- Born: June 2, 1980 (age 46) Manhattan, Kansas, U.S.
- Education: Juilliard School (BFA)
- Occupations: Actor; comedian;
- Years active: 2002–present
- Spouse: Kate Whoriskey ​(m. 2008)​
- Children: 2

= Daniel Breaker =

American actor and comedian

Daniel Breaker (born June 2, 1980) is an American actor and comedian. He is best known for playing Donkey in the original cast of Shrek the Musical.
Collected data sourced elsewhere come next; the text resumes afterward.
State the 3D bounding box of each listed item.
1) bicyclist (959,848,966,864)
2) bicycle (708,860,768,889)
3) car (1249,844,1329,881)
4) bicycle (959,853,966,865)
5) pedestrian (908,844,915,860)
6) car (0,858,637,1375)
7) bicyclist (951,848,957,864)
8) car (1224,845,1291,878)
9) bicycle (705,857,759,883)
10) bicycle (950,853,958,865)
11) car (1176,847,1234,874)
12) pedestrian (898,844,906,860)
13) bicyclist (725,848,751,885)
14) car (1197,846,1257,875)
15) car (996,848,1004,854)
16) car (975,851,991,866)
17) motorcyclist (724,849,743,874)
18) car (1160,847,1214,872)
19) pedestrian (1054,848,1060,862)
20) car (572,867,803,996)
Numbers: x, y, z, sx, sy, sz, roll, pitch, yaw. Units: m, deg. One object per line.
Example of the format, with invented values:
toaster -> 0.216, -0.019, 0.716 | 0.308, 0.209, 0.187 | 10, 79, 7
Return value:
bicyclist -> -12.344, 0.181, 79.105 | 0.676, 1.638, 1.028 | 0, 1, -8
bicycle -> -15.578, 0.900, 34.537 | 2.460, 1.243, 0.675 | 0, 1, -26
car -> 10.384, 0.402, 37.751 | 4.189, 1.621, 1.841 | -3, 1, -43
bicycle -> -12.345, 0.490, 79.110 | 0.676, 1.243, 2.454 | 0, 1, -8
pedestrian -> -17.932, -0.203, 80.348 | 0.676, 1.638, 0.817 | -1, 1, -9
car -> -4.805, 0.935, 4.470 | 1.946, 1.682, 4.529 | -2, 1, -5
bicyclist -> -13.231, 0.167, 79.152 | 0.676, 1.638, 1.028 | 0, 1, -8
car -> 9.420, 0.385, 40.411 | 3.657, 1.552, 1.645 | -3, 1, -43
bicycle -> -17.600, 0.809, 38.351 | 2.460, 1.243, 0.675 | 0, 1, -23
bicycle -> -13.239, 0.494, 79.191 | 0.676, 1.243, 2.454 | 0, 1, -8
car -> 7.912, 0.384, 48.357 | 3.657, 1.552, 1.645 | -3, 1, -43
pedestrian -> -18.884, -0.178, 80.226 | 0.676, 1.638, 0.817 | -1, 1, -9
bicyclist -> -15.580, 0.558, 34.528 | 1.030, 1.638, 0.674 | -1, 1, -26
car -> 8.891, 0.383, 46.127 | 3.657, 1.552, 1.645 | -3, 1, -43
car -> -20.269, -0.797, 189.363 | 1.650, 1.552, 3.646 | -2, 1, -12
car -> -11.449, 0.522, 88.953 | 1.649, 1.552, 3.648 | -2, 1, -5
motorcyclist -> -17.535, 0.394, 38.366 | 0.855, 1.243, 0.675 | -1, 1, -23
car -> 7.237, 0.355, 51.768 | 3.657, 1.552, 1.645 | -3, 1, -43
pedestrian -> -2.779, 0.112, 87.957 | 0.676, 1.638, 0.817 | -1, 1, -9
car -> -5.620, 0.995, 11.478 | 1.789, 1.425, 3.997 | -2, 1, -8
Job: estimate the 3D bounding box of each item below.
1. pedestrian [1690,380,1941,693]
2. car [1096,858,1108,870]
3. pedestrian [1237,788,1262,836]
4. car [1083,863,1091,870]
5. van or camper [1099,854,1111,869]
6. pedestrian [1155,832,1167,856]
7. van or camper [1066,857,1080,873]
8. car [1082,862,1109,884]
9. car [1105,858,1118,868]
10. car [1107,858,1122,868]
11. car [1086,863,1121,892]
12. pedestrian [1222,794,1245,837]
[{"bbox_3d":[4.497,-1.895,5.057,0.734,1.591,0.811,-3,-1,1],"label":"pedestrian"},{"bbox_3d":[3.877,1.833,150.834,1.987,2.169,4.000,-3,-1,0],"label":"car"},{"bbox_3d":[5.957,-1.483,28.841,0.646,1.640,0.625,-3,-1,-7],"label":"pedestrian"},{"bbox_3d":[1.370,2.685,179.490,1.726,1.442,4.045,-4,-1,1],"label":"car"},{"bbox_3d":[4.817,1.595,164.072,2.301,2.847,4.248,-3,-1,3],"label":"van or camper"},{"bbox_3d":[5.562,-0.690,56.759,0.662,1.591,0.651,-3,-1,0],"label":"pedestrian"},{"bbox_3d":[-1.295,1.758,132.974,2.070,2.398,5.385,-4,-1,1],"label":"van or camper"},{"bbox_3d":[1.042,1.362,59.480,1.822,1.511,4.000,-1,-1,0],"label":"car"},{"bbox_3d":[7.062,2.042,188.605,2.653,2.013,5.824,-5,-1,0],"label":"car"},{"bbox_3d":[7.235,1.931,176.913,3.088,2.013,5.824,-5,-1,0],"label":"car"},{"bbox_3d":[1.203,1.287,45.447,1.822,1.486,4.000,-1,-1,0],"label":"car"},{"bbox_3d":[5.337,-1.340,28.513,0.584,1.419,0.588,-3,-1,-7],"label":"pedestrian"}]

His other Broadway credits include principal roles in Hamilton, Hadestown, Once Upon a Mattress, and The Book of Mormon.

==Career==
Beginning his career in 2002, immediately after graduating from Juilliard, Breaker has performed in Off-Broadway, London, and U.S. regional theatre productions. He performed in five plays at the Shakespeare Theatre in Washington D.C. His first major role was the Youth, protagonist of the Off-Broadway premiere of Passing Strange, for which he won an Obie Award in 2008. He was then nominated for a Tony Award for the show's Broadway transfer, in which he again played the Youth; he also played this role in Spike Lee's filmed version of the musical.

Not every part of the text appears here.